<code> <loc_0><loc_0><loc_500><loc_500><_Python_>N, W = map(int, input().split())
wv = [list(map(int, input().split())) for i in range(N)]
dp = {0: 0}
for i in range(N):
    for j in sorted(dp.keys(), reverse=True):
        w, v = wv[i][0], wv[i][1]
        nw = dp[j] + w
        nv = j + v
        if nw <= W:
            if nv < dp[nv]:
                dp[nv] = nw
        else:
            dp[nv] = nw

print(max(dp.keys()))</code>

▬▬▬

§ EXERCISE
What you return should match the listing above exactly.

§ WORKED SOLUTION
<code> <loc_0><loc_0><loc_500><loc_500><_Python_>N, W = map(int, input().split())
wv = [list(map(int, input().split())) for i in range(N)]
dp = {0: 0}
for i in range(N):
    for j in sorted(dp.keys(), reverse=True):
        w, v = wv[i][0], wv[i][1]
        nw = dp[j] + w
        nv = j + v
        if nw <= W:
            if nv < dp[nv]:
                dp[nv] = nw
        else:
            dp[nv] = nw

print(max(dp.keys()))</code>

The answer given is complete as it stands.